Leader of the Creative Korea Party
- In office October 14, 2007 – November 4, 2009

Member of the National Assembly
- In office May 30, 2008 – October 22, 2009
- Preceded by: Lee Jae-oh (GNP)
- Succeeded by: Lee Jae-oh
- Constituency: Eunpyeong-eul, Seoul

Personal details
- Born: January 12, 1949 (age 77) Seoul, South Korea
- Party: Independent
- Other political affiliations: Creative Korea Party (2007–2012)
- Spouse: Park Su-ae
- Children: 2 daughters

Korean name
- Hangul: 문국현
- Hanja: 文國現
- RR: Mun Gukhyeon
- MR: Mun Kukhyŏn

= Moon Kook-hyun =

South Korean politician (born 1949)

Moon Kook-hyun (born 12 January 1949) is a South Korean politician who served as the leader of the Creative Korea Party. Before entering politics, he was a well-known business manager and civil environmental campaigner in South Korea.

Born in Seoul, Moon studied English language at the Hankuk University of Foreign Studies, graduating with a BA in 1972, then took a postgraduate course in Business Administration at the Seoul National University.

== Business career ==
Moon began his career at Yuhan-Kimberly, a company manufacturing paper and woven fibre products. In 1983, he spent a year in the United States, taking some new management concepts. On his return, he developed the concept of "environmental management", focusing on digital printing technologies and the use of recycled paper.

In 1995, Moon became chief executive officer of Yuhan-Kimberly. In 1996, Moon was appointed committee director of the U.N. Environment (UNEP) Korea Development Organization. Faced with a financial crisis in 1997, he developed a new shift system where workers worked twelve-hours shifts for four days running, then took four days off.

==2007 presidential election==
In August 2007, Moon resigned from Yuhan-Kimberly to run in the 2007 South Korean presidential election. In October, he formed the Creative Korea Party, with an anti-corruption, pro-environmentalist program, gaining a bit of support from liberal voters who supported the Participatory Government, conservative voters who wanted to change the government and liked a similar 'business leader' portfolio but disliked Lee Myung-bak, and from the labor movement.
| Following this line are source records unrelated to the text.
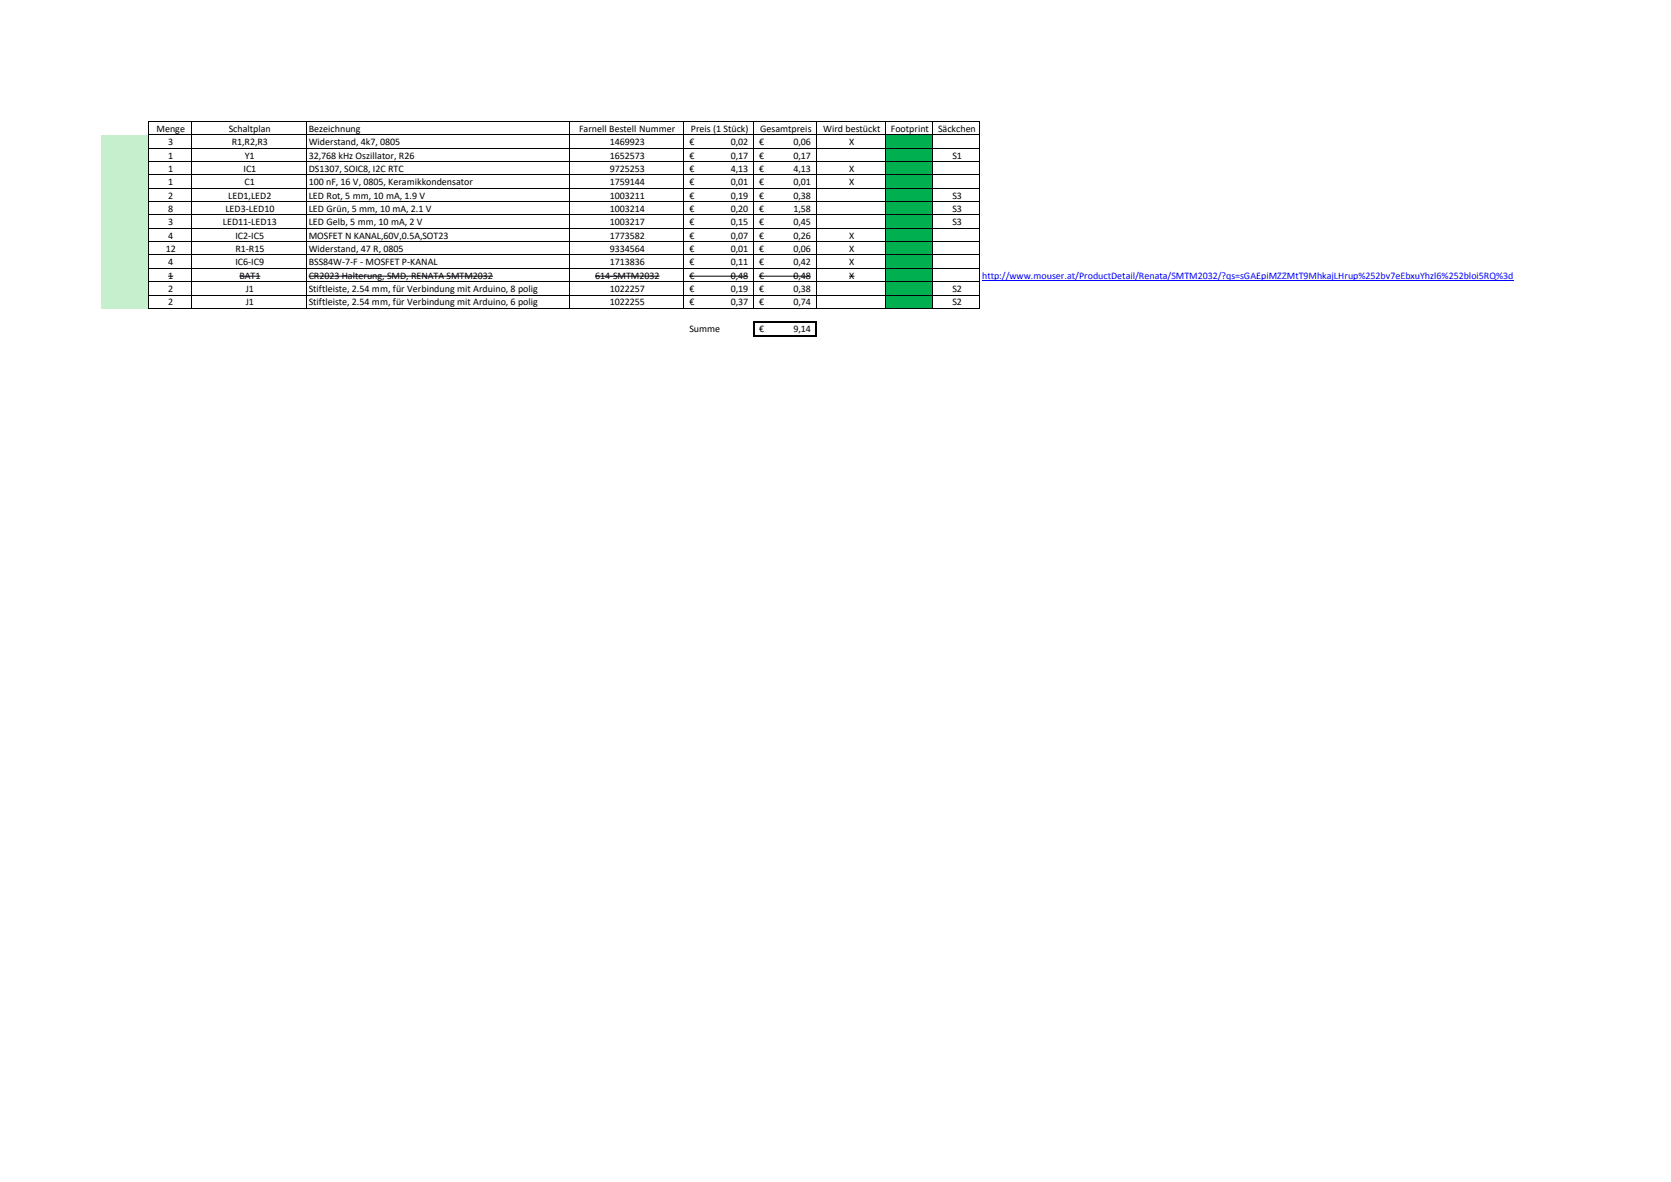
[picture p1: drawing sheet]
<svg xmlns="http://www.w3.org/2000/svg" width="297mm" height="210mm" viewBox="0 0 297 210" stroke-linecap="round" stroke-linejoin="round" font-family="sans-serif">
<defs><g id="words">
<g font-size="1.8">
<text x="27.8" y="23.5">Menge</text>
<text x="40.6" y="23.5">Schaltplan</text>
<text x="54.9" y="23.5">Bezeichnung</text>
<text x="102.9" y="23.5">Farnell Bestell Nummer</text>
<text x="122.8" y="23.5">Preis (1 Stück)</text>
<text x="135.1" y="23.5">Gesamtpreis</text>
<text x="146.3" y="23.5">Wird bestückt</text>
<text x="158.4" y="23.5">Footprint</text>
<text x="166.7" y="23.5">Säckchen</text>
<text x="29.9" y="25.8">3</text>
<text x="29.9" y="28.2">1</text>
<text x="41.2" y="25.8">R1,R2,R3</text>
<text x="43.5" y="28.2">Y1</text>
<text x="54.9" y="25.8">Widerstand, 4k7, 0805</text>
<text x="54.9" y="28.2">32,768 kHz Oszillator, R26</text>
<text x="108.4" y="25.8">1469923</text>
<text x="108.4" y="28.2">1652573</text>
<text x="122.5" y="25.8">€</text>
<text x="122.5" y="28.2">€</text>
<text x="129.9" y="25.8">0,02</text>
<text x="129.9" y="28.2">0,17</text>
<text x="134.9" y="25.8">€</text>
<text x="134.9" y="28.2">€</text>
<text x="141" y="25.8">0,06</text>
<text x="141" y="28.2">0,17</text>
<text x="150.9" y="25.8">X</text>
<text x="169.3" y="28.2">S1</text>
<text x="29.9" y="30.6">1</text>
<text x="29.9" y="32.9">1</text>
<text x="29.9" y="35.3">2</text>
<text x="40.6" y="35.3">LED1,LED2</text>
<text x="43.3" y="30.6">IC1</text>
<text x="43.5" y="32.9">C1</text>
<text x="54.9" y="30.6">DS1307, SOIC8, I2C RTC</text>
<text x="54.9" y="32.9">100 nF, 16 V, 0805, Keramikkondensator</text>
<text x="54.9" y="35.3">LED Rot, 5 mm, 10 mA, 1.9 V</text>
<text x="108.4" y="30.6">9725253</text>
<text x="108.4" y="32.9">1759144</text>
<text x="108.4" y="35.3">1003211</text>
<text x="122.5" y="30.6">€</text>
<text x="122.5" y="32.9">€</text>
<text x="122.5" y="35.3">€</text>
<text x="129.9" y="30.6">4,13</text>
<text x="129.9" y="32.9">0,01</text>
<text x="129.9" y="35.3">0,19</text>
<text x="134.9" y="30.6">€</text>
<text x="134.9" y="32.9">€</text>
<text x="134.9" y="35.3">€</text>
<text x="141" y="30.6">4,13</text>
<text x="141" y="32.9">0,01</text>
<text x="141" y="35.3">0,38</text>
<text x="150.9" y="30.6">X</text>
<text x="150.9" y="32.9">X</text>
<text x="169.3" y="35.3">S3</text>
<text x="29.9" y="37.7">8</text>
<text x="29.9" y="40.1">3</text>
<text x="39.6" y="40.1">LED11-LED13</text>
<text x="40.1" y="37.7">LED3-LED10</text>
<text x="54.9" y="37.7">LED Grün, 5 mm, 10 mA, 2.1 V</text>
<text x="54.9" y="40.1">LED Gelb, 5 mm, 10 mA, 2 V</text>
<text x="108.4" y="37.7">1003214</text>
<text x="108.4" y="40.1">1003217</text>
<text x="122.5" y="37.7">€</text>
<text x="122.5" y="40.1">€</text>
<text x="129.9" y="37.7">0,20</text>
<text x="129.9" y="40.1">0,15</text>
<text x="134.9" y="37.7">€</text>
<text x="134.9" y="40.1">€</text>
<text x="141" y="37.7">1,58</text>
<text x="141" y="40.1">0,45</text>
<text x="169.3" y="37.7">S3</text>
<text x="169.3" y="40.1">S3</text>
<text x="29.5" y="44.8">12</text>
<text x="29.9" y="42.4">4</text>
<text x="29.9" y="47.2">4</text>
<text x="41.8" y="42.4">IC2-IC5</text>
<text x="41.8" y="44.8">R1-R15</text>
<text x="41.8" y="47.2">IC6-IC9</text>
<text x="54.9" y="42.4">MOSFET N KANAL,60V,0.5A,SOT23</text>
<text x="54.9" y="44.8">Widerstand, 47 R, 0805</text>
<text x="54.9" y="47.2">BSS84W-7-F - MOSFET P-KANAL</text>
<text x="108.4" y="42.4">1773582</text>
<text x="108.4" y="44.8">9334564</text>
<text x="108.4" y="47.2">1713836</text>
<text x="122.5" y="42.4">€</text>
<text x="122.5" y="44.8">€</text>
<text x="122.5" y="47.2">€</text>
<text x="129.9" y="42.4">0,07</text>
<text x="129.9" y="44.8">0,01</text>
<text x="129.9" y="47.2">0,11</text>
<text x="134.9" y="42.4">€</text>
<text x="134.9" y="44.8">€</text>
<text x="134.9" y="47.2">€</text>
<text x="141" y="42.4">0,26</text>
<text x="141" y="44.8">0,06</text>
<text x="141" y="47.2">0,42</text>
<text x="150.9" y="42.4">X</text>
<text x="150.9" y="44.8">X</text>
<text x="150.9" y="47.2">X</text>
<text x="29.9" y="49.5">1</text>
<text x="29.9" y="51.9">2</text>
<text x="42.6" y="49.5">BAT1</text>
<text x="43.7" y="51.9">J1</text>
<text x="54.9" y="49.5">CR2023 Halterung, SMD, RENATA SMTM2032</text>
<text x="54.9" y="51.9">Stiftleiste, 2.54 mm, für Verbindung mit Arduino, 8 polig</text>
<text x="105.8" y="49.5">614-SMTM2032</text>
<text x="108.4" y="51.9">1022257</text>
<text x="122.5" y="49.5">€</text>
<text x="122.5" y="51.9">€</text>
<text x="129.9" y="49.5">0,48</text>
<text x="129.9" y="51.9">0,19</text>
<text x="134.9" y="49.5">€</text>
<text x="134.9" y="51.9">€</text>
<text x="141" y="49.5">0,48</text>
<text x="141" y="51.9">0,38</text>
<text x="150.9" y="49.5">X</text>
<text x="169.3" y="51.9">S2</text>
<text x="29.9" y="54.3">2</text>
<text x="43.7" y="54.3">J1</text>
<text x="54.9" y="54.3">Stiftleiste, 2.54 mm, für Verbindung mit Arduino, 6 polig</text>
<text x="108.4" y="54.3">1022255</text>
<text x="122.5" y="54.3">€</text>
<text x="122.5" y="59.1">Summe</text>
<text x="129.9" y="54.3">0,37</text>
<text x="134.9" y="54.3">€</text>
<text x="134.9" y="59.1">€</text>
<text x="141" y="54.3">0,74</text>
<text x="141" y="59.1">9,14</text>
<text x="169.3" y="54.3">S2</text>
</g>
<text font-size="1.8" fill="#00f" x="174.6" y="49.5">http://www.mouser.at/ProductDetail/Renata/SMTM2032/?qs=sGAEpiMZZMtT9MhkajLHrup%252bv7eEbxuYhzl6%252bloi5RQ%3d</text>
</g></defs>
<path d="M18.1 24h8.3v30.8h-8.3z" fill-rule="evenodd" fill="#c6efce"/>
<path d="M157.4 24h8.4v30.8h-8.4z" fill-rule="evenodd" fill="#00b050"/>
<g fill="none" stroke="#000" stroke-width=".18">
<path d="M26.3 21.5v33.4M26.4 21.6h147.8M26.4 24h147.8M26.4 26.3h147.8M26.4 28.7h147.8M26.4 31.1h147.8M26.4 33.5h147.8M26.4 35.8h147.8M26.4 38.2h147.8M34 21.7v33.2M54.4 21.7v33.2M101.2 21.7v33.2"/>
<path d="M121.6 21.7v33.2M134 21.7v33.2M145.1 21.7v33.2M157.4 21.7v33.2M165.8 21.7v33.2M174.1 21.7v33.2M26.4 40.6h147.8M26.4 42.9h147.8M26.4 45.3h147.8M26.4 47.7h147.8M26.4 50h147.8M26.4 52.4h147.8"/>
<path d="M26.4 54.8h147.8M29.9 49.1h.9M42.6 49.1h3.7M54.9 49.1h32.7M105.8 49.1h11.4M122.5 49.1h10.5M134.9 49.1h9.2M150.9 49.1h1"/>
</g>
<path d="M174.6 49.8h94.5" fill="none" stroke="#00f" stroke-width=".18"/>
<path d="M134 57.1v2.8M134.1 57.3h11.2M134.1 59.7h11.2M145.1 57.4v2.5" fill="none" stroke="#000" stroke-width=".3"/>
<use href="#words"/>
</svg>

In the election, Moon won 5.8% of the votes for fourth place. Moon is a Roman Catholic.

==2008 legislative election==
On April 9, 2008, Moon beat the close confidante of Lee Myung-bak (president) Lee Jae-oh (GNP, Incumbent), by more than 11%. Although the harsh loss of South Korean liberal candidates especially in Seoul at this 2008 election, his campaign against 'the Grand Korean Canal' project boosted his popularity in his electoral division and across the nation. However, he lost his seat after a year (2009.10.22) due to his party members gaining profit illegally by confidential information. The court sentenced him 8 months. In the 2010 re-election for his empty seat, Lee Jae-oh easily regained his seat by 58.33%.